Pulmonary hypertension in pregnancy is associated with adverse pregnancy outcomes, such as prolonged hospitalization, intensive care unit (ICU) admission, and high maternal mortality. The Obstetric Comorbidity Index (OB-CMI) assesses maternal risk for these outcomes; however, its predictive power in patients with pulmonary hypertension remains unknown. This study evaluates maternal and neonatal outcomes in patients with pulmonary hypertension and examines whether a higher comorbidity burden is associated with longer hospitalization and ICU admission.

Methods

A retrospective cohort study was conducted using electronic health records from Mass General Brigham and Tufts Medical Center (1996–July 2025). Patients with pulmonary hypertension and pregnancies beyond 20 weeks’ gestation were identified using the International Classification of Disease-9/10 codes. Data were collected via manual chart review, and descriptive statistics and univariate regression analyses were performed (P < 0.05).

Results

Sixty-five pregnancies among 61 patients were identified. The median maternal age was 32.9 (interquartile range 28.9–36.6) years. The maternal mortality rate was 3 %, with both deaths occurring before 2000. Most patients (56.9 %) had cesarean delivery under epidural anesthesia (69.2 %). Median OB-CMI was 9, and median hospitalization was 6 days. Pulmonary artery pressure was associated with prolonged hospitalization (P = 0.004) and ICU admission (P = 0.027). OB-CMI showed borderline association with ICU admission (P = 0.046), but not hospitalization duration (P = 0.580).

Conclusions

In patients with pulmonary hypertension, ICU admission and prolonged hospitalization were common and associated with pulmonary arterial pressure but not OB-CMI. Further studies are needed to develop scoring tools specific to pulmonary hypertension patients to improve risk assessment.
妊娠肺动脉高压患者的产科合并症指数(OB-CMI)及其与ICU住院和住院时间的关系:一项回顾性队列研究(1996-2025)
妊娠期肺动脉高压与不良妊娠结局相关,如延长住院时间、入住重症监护病房(ICU)和高孕产妇死亡率。产科合并症指数(OB-CMI)评估这些结果的产妇风险;然而,其对肺动脉高压患者的预测能力尚不清楚。
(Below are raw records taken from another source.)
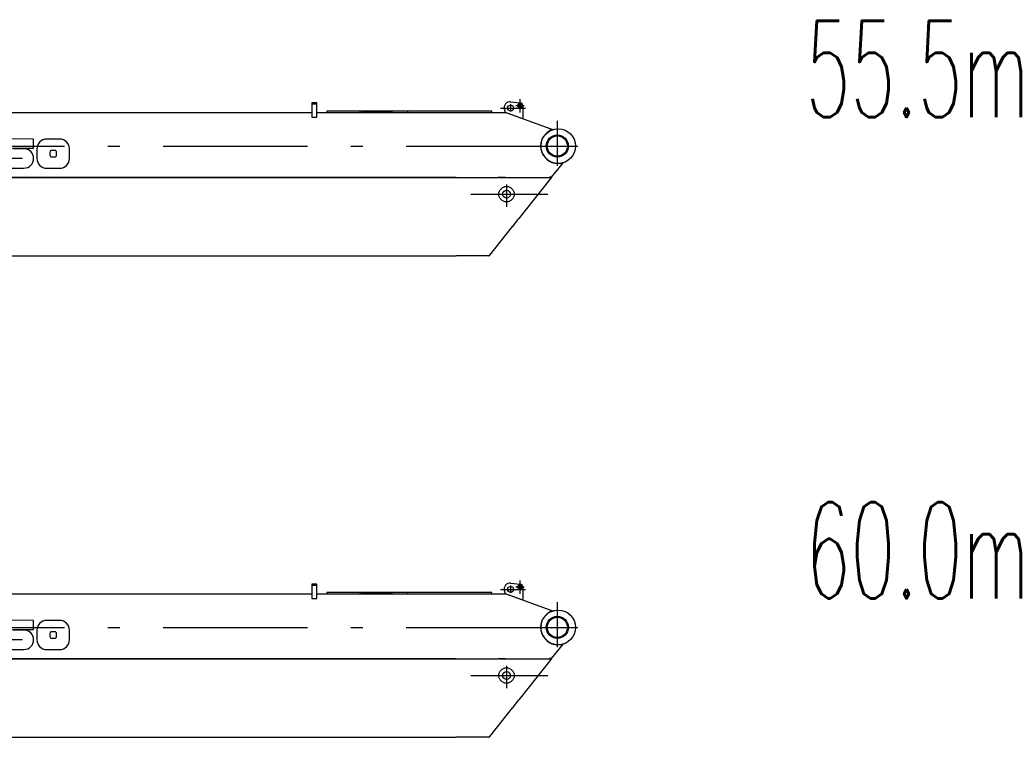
# Model space of a CAD drawing. Extents: x 9952 to 74774, y 3350 to 51482.
# Tile 4 of 15: x 64414 to 74644, y 3858 to 11312. Entities that reach past the tile are written whole.
import ezdxf
from ezdxf.enums import TextEntityAlignment as Align

# ---------------------------------------------------------------- set-up
doc = ezdxf.new("R2010")
doc.units = 0
doc.header["$LTSCALE"] = 50
doc.linetypes.add('CENTER', pattern=[50.5, 30, -9, 2.5, -9])
doc.linetypes.add('HIDDEN', pattern=[12.6, 8.4, -4.2])
for name, color, linetype in [('1', 7, 'CONTINUOUS'), ('11', 7, 'CONTINUOUS'), ('611', 7, 'CONTINUOUS')]:
    doc.layers.add(name, color=color, linetype=linetype)
doc.styles.get("Standard").update_dxf_attribs({"font": 'txt', "bigfont": 'bigfont'})

# ---------------------------------------------------------------- blocks, each defined once
blk = doc.blocks.new('*G2')
at = {"layer": '11', "color": 7, "linetype": 'CONTINUOUS'}
blk.add_arc((64458, 4871), 101, -90, 0.3206, dxfattribs=at)
blk = doc.blocks.new('*G3')
at = {"layer": '11', "color": 7, "linetype": 'CONTINUOUS'}
blk.add_arc((64694, 4971), 101, 90.0009, -179.8462, dxfattribs=at)
blk = doc.blocks.new('*G4')
at = {"layer": '11', "color": 7, "linetype": 'CONTINUOUS'}
blk.add_arc((64779, 4904), 16.9, -90.166, 0, dxfattribs=at)
blk = doc.blocks.new('*G5')
at = {"layer": '11', "color": 7, "linetype": 'CONTINUOUS'}
blk.add_arc((64745, 4937), 16.9, 89.834, 180, dxfattribs=at)
blk = doc.blocks.new('*G6')
at = {"layer": '11', "color": 7, "linetype": 'CONTINUOUS'}
blk.add_arc((64779, 4937), 16.9, 0, 90.166, dxfattribs=at)
blk = doc.blocks.new('*G7')
at = {"layer": '11', "color": 7, "linetype": 'CONTINUOUS'}
blk.add_arc((64830, 4870), 101, -89.9991, 0.1538, dxfattribs=at)
blk = doc.blocks.new('*G1')
at = {"layer": '1', "color": 7, "linetype": 'CONTINUOUS'}
blk.add_arc((64439, 4871), 2.12, -90, 90, dxfattribs=at)
at = {"layer": '11', "color": 7, "linetype": 'HIDDEN'}
for p, q in [((67500, 5449), (67450, 5449)), ((67450, 5449), (67450, 5439)), ((67450, 5439), (67500, 5439)), ((67500, 5439), (67500, 5449)), ((69460, 4674), (69399, 4674)), ((69399, 4674), (69924, 4674)), ((69924, 4674), (69924, 4684))]:
    blk.add_line(p, q, dxfattribs=at)
at = {"layer": '11', "color": 7, "linetype": 'CONTINUOUS'}
for p, q in [((67500, 5449), (67450, 5449)), ((67450, 5449), (67450, 5301)), ((67500, 5349), (67500, 5449)), ((69515, 5460), (69614, 5450)), ((60068, 5349), (67450, 5349)), ((67500, 5301), (67500, 5349)), ((67500, 5349), (68950, 5349)), ((67606, 5361), (67606, 5349)), ((68750, 5361), (67606, 5361)), ((67606, 5349), (69070, 5349)), ((67946, 5361), (67959, 5361)), ((67959, 5349), (67969, 5349)), ((67970, 5361), (68289, 5361)), ((68450, 5349), (68440, 5349)), ((68450, 5349), (69138, 5349)), ((69154, 5361), (68750, 5361)), ((68950, 5349), (69150, 5349)), ((69070, 5349), (69138, 5349)), ((69320, 5361), (69150, 5361)), ((69150, 5349), (69320, 5349)), ((69150, 5349), (69450, 5349)), ((69150, 5349), (69463, 5349)), ((69320, 5349), (69320, 5361)), ((69463, 5348), (69452, 5381)), ((69463, 5348), (69466, 5347)), ((69641, 5284), (69463, 5348)), ((69466, 5347), (69932, 5177)), ((69641, 5420), (69641, 5284)), ((67450, 5301), (67500, 5301)), ((69925, 5161), (69932, 5177)), ((69927, 5160), (69925, 5161)), ((69932, 5177), (69926, 5161)), ((69956, 5172), (69927, 5160)), ((69932, 5177), (69956, 5172)), ((64559, 5073), (64221, 5074)), ((64559, 4977), (64559, 5073)), ((64830, 5072), (64695, 5072)), ((64340, 4977), (64559, 4977)), ((64458, 4972), (64340, 4972)), ((64593, 4971), (64593, 4870)), ((64728, 4938), (64728, 4904)), ((64779, 4954), (64745, 4954)), ((64796, 4904), (64796, 4937)), ((64931, 4870), (64931, 4971)), ((64221, 4873), (64439, 4873)), ((64439, 4869), (64221, 4869)), ((64745, 4887), (64779, 4887)), ((69941, 4677), (70049, 4813)), ((70049, 4813), (70039, 4820)), ((70043, 4823), (70041, 4819)), ((70041, 4819), (70049, 4813)), ((70063, 4828), (70043, 4823)), ((70049, 4813), (70063, 4828)), ((64221, 4770), (64457, 4770)), ((64694, 4769), (64829, 4769)), ((68950, 4674), (60146, 4674)), ((60146, 4674), (68950, 4674)), ((68950, 4674), (69387, 4674)), ((69397, 4674), (69387, 4676)), ((69397, 4674), (69924, 4674)), ((69397, 4673), (69397, 4673)), ((69397, 4673), (69923, 4673)), ((69933, 4667), (69601, 4246)), ((69924, 4674), (69932, 4684)), ((69941, 4677), (69933, 4667)), ((69535, 4162), (69601, 4246)), ((69300, 3868), (69533, 4163)), ((69533, 4163), (69535, 4162)), ((62165, 3858), (68950, 3858)), ((69202, 3858), (68950, 3858)), ((69250, 3861), (69190, 3861)), ((69282, 3861), (69212, 3861)), ((69290, 3861), (69282, 3861)), ((69290, 3861), (69298, 3864)), ((69298, 3864), (69300, 3868))]:
    blk.add_line(p, q, dxfattribs=at)
at = {"layer": '11', "color": 7, "linetype": 'CENTER'}
for p, q in [((69515, 5435), (69515, 5358)), ((69611, 5488), (69611, 5348)), ((69410, 5395), (69669, 5395)), ((69569, 5420), (69657, 5420)), ((70000, 5262), (70000, 4794)), ((55805, 5000), (70215, 5000)), ((69789, 5000), (70212, 5000)), ((69472, 4600), (69472, 4367)), ((69100, 4500), (69900, 4500))]:
    blk.add_line(p, q, dxfattribs=at)
at = {"layer": '11', "color": 7, "linetype": 'CONTINUOUS'}
for centre, radius in [((69515, 5395), 30), ((69611, 5420), 22.3), ((69611, 5420), 22.3), ((69611, 5420), 15), ((70010, 5000), 180), ((70000, 5000), 115), ((70000, 5000), 105), ((69472, 4500), 80), ((69472, 4500), 40)]:
    blk.add_circle(centre, radius, dxfattribs=at)
for centre, radius, start, end in [((69508, 5401), 60, 83.9249, -160.4813), ((69611, 5420), 30, 0, 83.5024), ((70010, 5000), 182, 118.7208, -80.7923), ((64830, 4971), 101, -0.1555, 89.9974), ((64458, 4871), 101, -0.3206, 90), ((64694, 4870), 101, 179.8462, -90.0009), ((64745, 4904), 16.9, 180, -89.834)]:
    blk.add_arc(centre, radius, start, end, dxfattribs=at)
at = {"layer": '611', "color": 7, "linetype": 'CONTINUOUS'}
blk.add_line((68695, 5349), (68750, 5349), dxfattribs=at)
at = {"layer": '11', "color": 7, "linetype": 'CONTINUOUS'}
for name in ['*G3', '*G5', '*G6', '*G2', '*G4', '*G7']:
    blk.add_blockref(name, (0, 0), dxfattribs=at)
blk = doc.blocks.new('*G43')
at = {"layer": '11', "color": 7, "linetype": 'CONTINUOUS'}
blk.add_arc((64458, 9871), 101, -90, 0.3206, dxfattribs=at)
blk = doc.blocks.new('*G44')
at = {"layer": '11', "color": 7, "linetype": 'CONTINUOUS'}
blk.add_arc((64694, 9971), 101, 90.0009, -179.8462, dxfattribs=at)
blk = doc.blocks.new('*G45')
at = {"layer": '11', "color": 7, "linetype": 'CONTINUOUS'}
blk.add_arc((64779, 9904), 16.9, -90.166, 0, dxfattribs=at)
blk = doc.blocks.new('*G46')
at = {"layer": '11', "color": 7, "linetype": 'CONTINUOUS'}
blk.add_arc((64745, 9937), 16.9, 89.834, 180, dxfattribs=at)
blk = doc.blocks.new('*G47')
at = {"layer": '11', "color": 7, "linetype": 'CONTINUOUS'}
blk.add_arc((64779, 9937), 16.9, 0, 90.166, dxfattribs=at)
blk = doc.blocks.new('*G48')
at = {"layer": '11', "color": 7, "linetype": 'CONTINUOUS'}
blk.add_arc((64830, 9870), 101, -89.9991, 0.1538, dxfattribs=at)
blk = doc.blocks.new('*G42')
at = {"layer": '1', "color": 7, "linetype": 'CONTINUOUS'}
blk.add_arc((64439, 9871), 2.12, -90, 90, dxfattribs=at)
at = {"layer": '11', "color": 7, "linetype": 'HIDDEN'}
for p, q in [((67500, 10449), (67450, 10449)), ((67450, 10449), (67450, 10439)), ((67450, 10439), (67500, 10439)), ((67500, 10439), (67500, 10449)), ((69460, 9674), (69399, 9674)), ((69399, 9674), (69924, 9674)), ((69924, 9674), (69924, 9684))]:
    blk.add_line(p, q, dxfattribs=at)
at = {"layer": '11', "color": 7, "linetype": 'CONTINUOUS'}
for p, q in [((67500, 10449), (67450, 10449)), ((67450, 10449), (67450, 10301)), ((67500, 10349), (67500, 10449)), ((69515, 10460), (69614, 10450)), ((60068, 10349), (67450, 10349)), ((67500, 10301), (67500, 10349)), ((67500, 10349), (68950, 10349)), ((67606, 10361), (67606, 10349)), ((68750, 10361), (67606, 10361)), ((67606, 10349), (69070, 10349)), ((67946, 10361), (67959, 10361)), ((67959, 10349), (67969, 10349)), ((67970, 10361), (68289, 10361)), ((68450, 10349), (68440, 10349)), ((68450, 10349), (69138, 10349)), ((69154, 10361), (68750, 10361)), ((68950, 10349), (69150, 10349)), ((69070, 10349), (69138, 10349)), ((69320, 10361), (69150, 10361)), ((69150, 10349), (69320, 10349)), ((69150, 10349), (69450, 10349)), ((69150, 10349), (69463, 10349)), ((69320, 10349), (69320, 10361)), ((69463, 10348), (69452, 10381)), ((69463, 10348), (69466, 10347)), ((69641, 10284), (69463, 10348)), ((69466, 10347), (69932, 10177)), ((69641, 10420), (69641, 10284)), ((67450, 10301), (67500, 10301)), ((69925, 10161), (69932, 10177)), ((69927, 10160), (69925, 10161)), ((69932, 10177), (69926, 10161)), ((69956, 10172), (69927, 10160)), ((69932, 10177), (69956, 10172)), ((64559, 10073), (64221, 10074)), ((64559, 9977), (64559, 10073)), ((64830, 10072), (64695, 10072)), ((64340, 9977), (64559, 9977)), ((64458, 9972), (64340, 9972)), ((64593, 9971), (64593, 9870)), ((64728, 9938), (64728, 9904)), ((64779, 9954), (64745, 9954)), ((64796, 9904), (64796, 9937)), ((64931, 9870), (64931, 9971)), ((64221, 9873), (64439, 9873)), ((64439, 9869), (64221, 9869)), ((64745, 9887), (64779, 9887)), ((70043, 9823), (70041, 9819)), ((70063, 9828), (70043, 9823)), ((70049, 9813), (70063, 9828)), ((64221, 9770), (64457, 9770)), ((64694, 9769), (64829, 9769)), ((69941, 9677), (70049, 9813)), ((70049, 9813), (70039, 9820)), ((70041, 9819), (70049, 9813)), ((68950, 9674), (60146, 9674)), ((60146, 9674), (68950, 9674)), ((68950, 9674), (69387, 9674)), ((69397, 9674), (69387, 9676)), ((69397, 9674), (69924, 9674)), ((69397, 9673), (69397, 9673)), ((69397, 9673), (69923, 9673)), ((69933, 9667), (69601, 9246)), ((69924, 9674), (69932, 9684)), ((69941, 9677), (69933, 9667)), ((69535, 9162), (69601, 9246)), ((69300, 8868), (69533, 9163)), ((69533, 9163), (69535, 9162)), ((62165, 8858), (68950, 8858)), ((69202, 8858), (68950, 8858)), ((69250, 8861), (69190, 8861)), ((69282, 8861), (69212, 8861)), ((69290, 8861), (69282, 8861)), ((69290, 8861), (69298, 8864)), ((69298, 8864), (69300, 8868))]:
    blk.add_line(p, q, dxfattribs=at)
at = {"layer": '11', "color": 7, "linetype": 'CENTER'}
for p, q in [((69515, 10435), (69515, 10358)), ((69611, 10488), (69611, 10348)), ((69410, 10395), (69669, 10395)), ((69569, 10420), (69657, 10420)), ((70000, 10262), (70000, 9794)), ((55805, 10000), (70215, 10000)), ((69789, 10000), (70212, 10000)), ((69472, 9600), (69472, 9367)), ((69100, 9500), (69900, 9500))]:
    blk.add_line(p, q, dxfattribs=at)
at = {"layer": '11', "color": 7, "linetype": 'CONTINUOUS'}
for centre, radius in [((69611, 10420), 22.3), ((69611, 10420), 22.3), ((69611, 10420), 15), ((69515, 10395), 30), ((70010, 10000), 180), ((70000, 10000), 115), ((70000, 10000), 105), ((69472, 9500), 80), ((69472, 9500), 40)]:
    blk.add_circle(centre, radius, dxfattribs=at)
for centre, radius, start, end in [((69508, 10401), 60, 83.9249, -160.4813), ((69611, 10420), 30, 0, 83.5024), ((70010, 10000), 182, 118.7208, -80.7923), ((64830, 9971), 101, -0.1555, 89.9974), ((64458, 9871), 101, -0.3206, 90), ((64694, 9870), 101, 179.8462, -90.0009), ((64745, 9904), 16.9, 180, -89.834)]:
    blk.add_arc(centre, radius, start, end, dxfattribs=at)
at = {"layer": '611', "color": 7, "linetype": 'CONTINUOUS'}
blk.add_line((68695, 10349), (68750, 10349), dxfattribs=at)
at = {"layer": '11', "color": 7, "linetype": 'CONTINUOUS'}
for name in ['*G44', '*G46', '*G47', '*G43', '*G45', '*G48']:
    blk.add_blockref(name, (0, 0), dxfattribs=at)

msp = doc.modelspace()

# ---------------------------------------------------------------- block references
at = {"layer": '11', "color": 7, "linetype": 'CONTINUOUS'}
for name in ['*G42', '*G1']:
    msp.add_blockref(name, (0, 0), dxfattribs=at)

# ---------------------------------------------------------------- texts
at = {"layer": '11', "color": 7, "linetype": 'CONTINUOUS', "width": 0.543478}
for s, p in [('55.5m', (72580, 10000)), ('60.0m', (72580, 5000))]:
    msp.add_text(s, height=1000, dxfattribs=at).set_placement(p, align=Align.BOTTOM_LEFT)

doc.saveas('drawing.dxf')
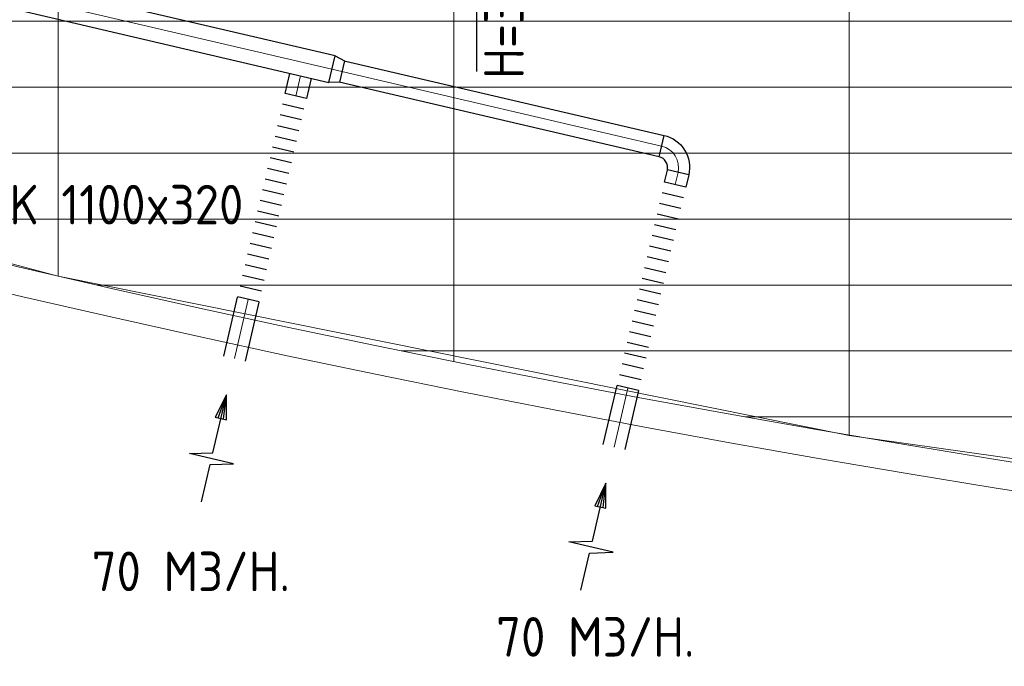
# Model space of a CAD drawing. Header units: millimetres. Extents: x -72412 to 16313, y -1015 to 52998.
# Tile 6 of 64: x -59499 to -55018, y 7994 to 10937. Entities that reach past the tile are written whole.
import ezdxf

# ---------------------------------------------------------------- set-up
doc = ezdxf.new("R2010")
doc.units = ezdxf.units.MM
doc.header["$LTSCALE"] = 50
for name, color, linetype in [('4plfd', 254, 'Continuous'), ('WL570---_RETOUR', 100, 'Continuous'), ('WL570---_TOEVOER', 200, 'Continuous'), ('WM570---_RETOUR', 2, 'Continuous'), ('WM570---_TOEVOER', 2, 'Continuous')]:
    doc.layers.add(name, color=color, linetype=linetype)
doc.layers.add('WL570---_BESTAAND-HARTLIJN', color=161, linetype='Continuous', lineweight=0)
doc.styles.add('ISO', font='ISO', dxfattribs={"height": 162})
doc.styles.add('MAATVOERING', font='ISO')

# ---------------------------------------------------------------- blocks, each defined once
blk = doc.blocks.new('Groep-50')
at = {"color": 8, "linetype": 'Continuous', "lineweight": 13}
for p, q in [((-62054.9, 18699.1), (-62054.9, 8239.9)), ((-60254.9, 18699.1), (-60254.9, 7851)), ((-58454.9, 18699.1), (-58454.9, 7516)), ((-66254.9, 9399.1), (-28992, 9399.1)), ((-62054.9, 8239.9), (-65654.9, 9183.2)), ((-65366, 9099.1), (-29943.5, 9099.1)), ((-64290.1, 8799.1), (-31019.4, 8799.1)), ((-63133.8, 8499.1), (-32175.7, 8499.1)), ((-58454.9, 7514.1), (-62054.9, 8239.9)), ((-61877.5, 8199.1), (-33432, 8199.1)), ((-60492, 7899.1), (-34817.5, 7899.1)), ((-58929.6, 7599.1), (-36379.9, 7599.1)), ((-54854.9, 7003.9), (-58454.9, 7514.1))]:
    blk.add_line(p, q, dxfattribs=at)
at = {"color": 8, "linetype": 'Continuous', "lineweight": 13, "flags": 128}
blk.add_lwpolyline([(-22004.9, 19149), (-22004.9, 11828, -0.208473), (-73205.8, 11785.1), (-73304.9, 11828.1)], format="xyb", dxfattribs=at)
at = {"color": 8, "linetype": 'Continuous', "lineweight": 13}
blk.add_arc((-47654.8, 70538.1), 63940.9, 246.496301, 293.503386, dxfattribs=at)
blk = doc.blocks.new('Block plafond 5e verd')
at = {"layer": '4plfd'}
blk.add_blockref('Groep-50', (73304.9, -19149.1), dxfattribs=at)
blk = doc.blocks.new('KARO')
for p, q in [((1, 0.5), (0, 0.5)), ((0, -0.5), (1, -0.5))]:
    blk.add_line(p, q)
at = {"invisible_edges": 15}
blk.add_3dface([(0, 0.5), (0, -0.5), (1, -0.5), (1, 0.5)], dxfattribs=at)
at = {"layer": 'WL570---_BESTAAND-HARTLIJN'}
blk.add_line((0, 0), (1, 0), dxfattribs=at)
blk = doc.blocks.new('FLLINE100')
blk.add_line((0, -50), (0, 50))
blk = doc.blocks.new('OEX10000100000')
at = {"rotation": 90}
for p in [(0, -50), (0, -100), (0, -150), (0, -200), (0, -250), (0, -300), (0, -350), (0, -400), (0, -450), (0, -500), (0, -550), (0, -600), (0, -650), (0, -700), (0, -750), (0, -800), (0, -850), (0, -900), (0, -950), (0, -1000)]:
    blk.add_blockref('FLLINE100', p, dxfattribs=at)
blk = doc.blocks.new('AFZPIJL')
for points in [[(0, -10), (0, -6.521), (-2.064, -5.967), (2.064, -5.967), (0, -5.414), (0, 0)], [(-0.258, -2.216), (0, 0)], [(0.258, -2.216), (0, 0)]]:
    blk.add_lwpolyline(points)
blk.add_lwpolyline([(0.517, -2.216), (-0.517, -2.216), (0, 0)], close=True)
blk = doc.blocks.new('OSV1251000460G')
blk.add_lwpolyline([(0, -62.5), (46.7, -50), (46.7, 50), (0, 62.5)], close=True)
at = {"layer": 'WL570---_BESTAAND-HARTLIJN'}
blk.add_line((0, 0), (46.7, 0), dxfattribs=at)
blk = doc.blocks.new('OBO10000090H')
blk.add_lwpolyline([(50, -100, 0.414214), (-100, 50), (-100, -50, -0.414214), (-50, -100)], format="xyb", close=True)
at = {"invisible_edges": 15}
for points in [[(-91.3, -50.8), (-74, 47.7), (-100, 50), (-100, -50)], [(-82.9, -53), (-48.7, 41), (-74, 47.7), (-91.3, -50.8)], [(-75, -56.7), (-25, 29.9), (-48.7, 41), (-82.9, -53)], [(-67.9, -61.7), (-3.6, 14.9), (-25, 29.9), (-75, -56.7)], [(-61.7, -67.9), (14.9, -3.6), (-3.6, 14.9), (-67.9, -61.7)], [(-56.7, -75), (29.9, -25), (14.9, -3.6), (-61.7, -67.9)], [(-53, -82.9), (41, -48.7), (29.9, -25), (-56.7, -75)], [(-50.8, -91.3), (47.7, -74), (41, -48.7), (-53, -82.9)], [(-50, -100), (50, -100), (47.7, -74), (-50.8, -91.3)]]:
    blk.add_3dface(points, dxfattribs=at)
at = {"layer": 'WL570---_BESTAAND-HARTLIJN'}
blk.add_arc((-100, -100), 100, 0, 90, dxfattribs=at)

msp = doc.modelspace()

# ---------------------------------------------------------------- linework, layer by layer
at = {"layer": 'WM570---_TOEVOER'}
msp.add_lwpolyline([(-57419.3, 11892.1), (-57419.6, 11641.4), (-57420.3, 10701.4)], dxfattribs=at)

# ---------------------------------------------------------------- block references
at = {"layer": 'WL570---_RETOUR'}
for name, p, xscale, yscale, zscale, rotation in [('KARO', (-58077.8, 10711.4), 1540.570433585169, 125, 125, 166.8725205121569), ('KARO', (-56577.2, 10361.3), -1494.792856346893, 100, 100, 346.8714241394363), ('KARO', (-58242.7, 10589), -94.30230512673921, 100, 100, 256.8714241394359), ('KARO', (-56515.3, 10186.1), -56.55323533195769, 100, 100, 256.8714241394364), ('KARO', (-58458.6, 9663.2), -275.9456809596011, 100, 100, 76.87142413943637), ('AFZPIJL', (-58558.5, 9229.8), -50, 50, 50, 346.8714241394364), ('KARO', (-56731.3, 9260.4), -275.9456809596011, 100, 100, 76.87142413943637), ('AFZPIJL', (-56831.1, 8826.9), -50, 50, 50, 346.8714241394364)]:
    msp.add_blockref(name, p, dxfattribs=dict(at, xscale=xscale, yscale=yscale, zscale=zscale, rotation=rotation))
at = {"layer": 'WL570---_RETOUR', "xscale": -1}
for name, p, rotation in [('OSV1251000460G', (-58077.8, 10711.4), 166.8725205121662), ('OEX10000100000', (-58469.8, 9615.1), 166.8714241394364), ('OBO10000090H', (-56479.8, 10338.6), 256.8714241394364), ('OEX10000100000', (-56742.5, 9212.3), 166.8714241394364)]:
    msp.add_blockref(name, p, dxfattribs=dict(at, rotation=rotation))
at = {"layer": 'WL570---_TOEVOER'}
msp.add_blockref('Block plafond 5e verd', (-70573.6, 20679.1), dxfattribs=at)

# ---------------------------------------------------------------- texts
at = {"layer": 'WM570---_RETOUR', "style": 'MAATVOERING'}
for p in [(-59171.3, 8336), (-57330.3, 8038)]:
    msp.add_text('70 M3/H.', height=180, dxfattribs=at).set_placement(p)
at = {"layer": 'WM570---_TOEVOER', "style": 'MAATVOERING'}
msp.add_text('H=3150+VL.', height=180, rotation=89.932, dxfattribs=at).set_placement((-57205.4, 10667.4))
at = {"layer": 'WM570---_TOEVOER', "style": 'ISO'}
msp.add_text('BALK 1100x320', height=180, dxfattribs=at).set_placement((-59945.6, 10004.9))

doc.saveas('drawing.dxf')

本研究评估了肺动脉高压患者的孕产妇和新生儿结局,并探讨了较高的合并症负担是否与更长时间的住院和ICU住院有关。方法回顾性队列研究采用麻省总医院布里格姆和塔夫茨医学中心1996 - 2025年7月的电子健康记录。使用国际疾病分类9/10代码确定肺动脉高压和妊娠超过20周的患者。采用手工图表复习法收集资料,进行描述性统计和单因素回归分析(P < 0.05)。结果61例患者中有65例妊娠。产妇年龄中位数为32.9岁(四分位数差为28.9-36.6岁)。产妇死亡率为3%,两例死亡都发生在2000年之前。大多数患者(56.9%)在硬膜外麻醉下剖宫产(69.2%)。中位OB-CMI为9,中位住院时间为6天。肺动脉压与住院时间延长(P = 0.004)和入住ICU (P = 0.027)相关。OB-CMI与ICU入院率呈临界相关(P = 0.046),与住院时间无显著相关性(P = 0.580)。结论肺动脉高压患者入住ICU和延长住院时间较常见,且与肺动脉压相关,但与OB-CMI无关。需要进一步研究开发针对肺动脉高压患者的评分工具,以改善风险评估。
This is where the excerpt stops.